Reported: 2019-02-18 06:44 UTC by GraceLiu
Modified: 2022-09-06 05:55 UTC (History)
2 users (show)

See Also:
Host:
Target:
Build:
Last reconfirmed:


Attachments
test case (21.24 KB, text/plain)
2019-02-18 06:44 UTC, GraceLiu
Details

Note You need to log in before you can comment on or make changes to this bug.
Description GraceLiu 2019-02-18 06:44:37 UTC
Created attachment 11610 [details]
test case

Hello experts,

We are having the similar problem described in below: https://groups.google.com/a/groups.riscv.org/forum/#!msg/sw-dev/KnziiZtEJNo/Jg4YBJ56CgAJ 

 


In our testcase, we are using the option  –mcmodel = medlow  and   -mexplicit_relocs, but we got the similar problem that binutils will generate wrong instruction like  lw       a3,-2048(a5).

When compiled to .S file, the result is correct:
                lui           a5,%hi(g_3030)
                lw           a4,%lo(g_3030)(a5)
                srli          a4,a4,8
                lw           a3,%lo(g_3030+4)(a5)



After link, the result is not correct:
   1db2a:               0002a7b7             lui           a5,0x2c
   1db2e:               7fc7a703              lw           a4,2044(a5) # 2c7fc <g_3030>
   1db32:               8321                       srli          a4,a4,0x8
   1db34:               8007a683             lw           a3,-2048(a5)


The result of %lo(g_3030+4) should be 2044 + 4 = 2048, but the value 2048 overflowed the 12 bit signed value, turn to -2048 and cause problem.

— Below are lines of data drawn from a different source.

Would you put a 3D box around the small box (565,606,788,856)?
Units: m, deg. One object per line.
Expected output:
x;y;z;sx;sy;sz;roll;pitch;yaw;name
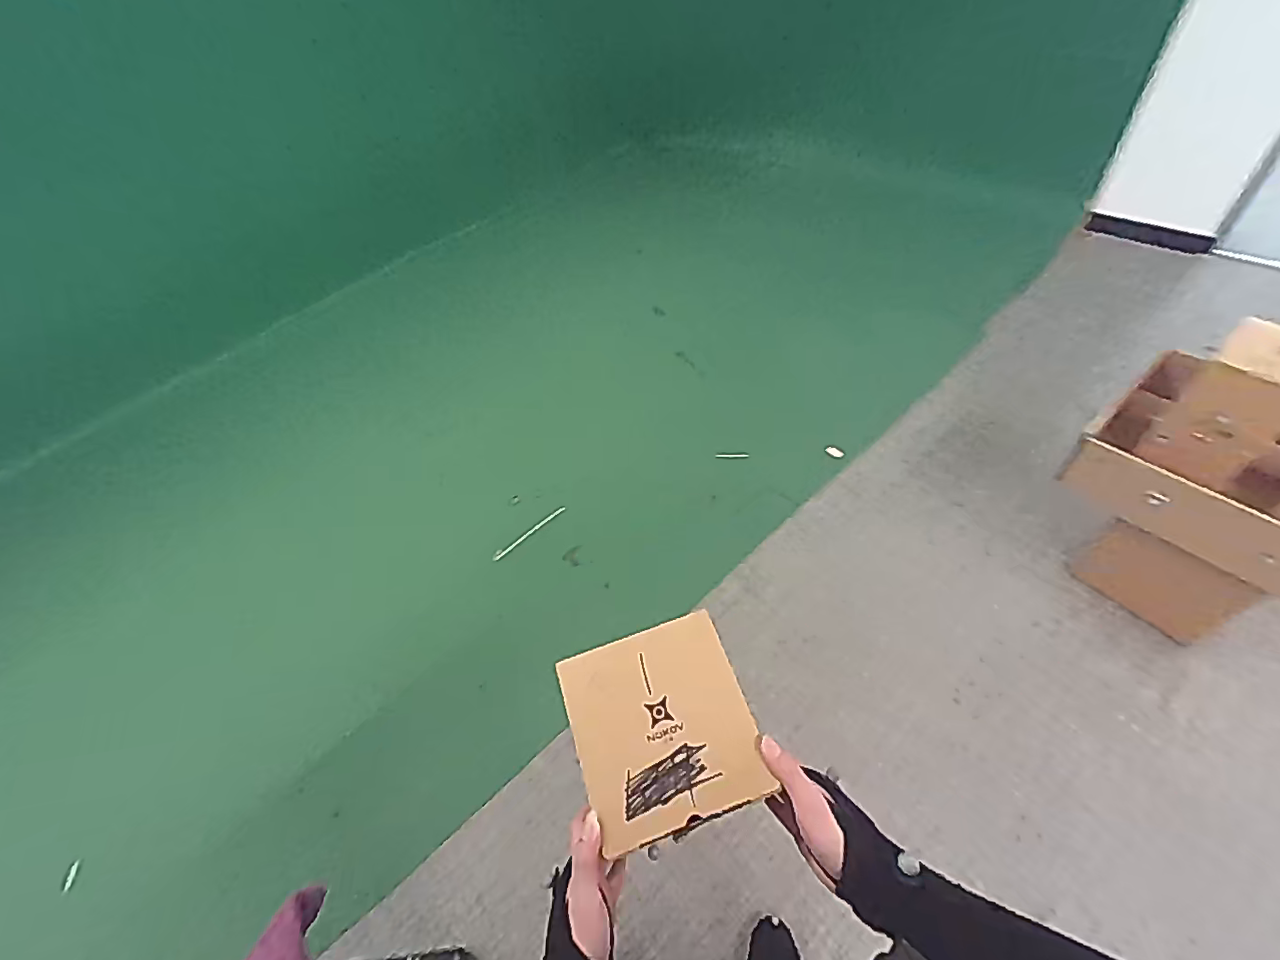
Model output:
0.033;0.261;0.567;0.168;0.176;0.179;-17;58;-7;small box

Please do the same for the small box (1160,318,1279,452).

The workaround to not use –mexplicit_relocs (discussed in https://groups.google.com/a/groups.riscv.org/forum/#!msg/sw-dev/KnziiZtEJNo/Jg4YBJ56CgAJ )would not work for us. It enlarges the code size for 10-20%. Is there any advice to fix this problem without bring too much effect on the code size?


Best wishes,

Grace
Comment 1 Jim Wilson 2019-02-18 23:55:30 UTC
The medany explicit-relocs problem is different than the one here.  This requires an auipc to trigger, and there is no auipc here.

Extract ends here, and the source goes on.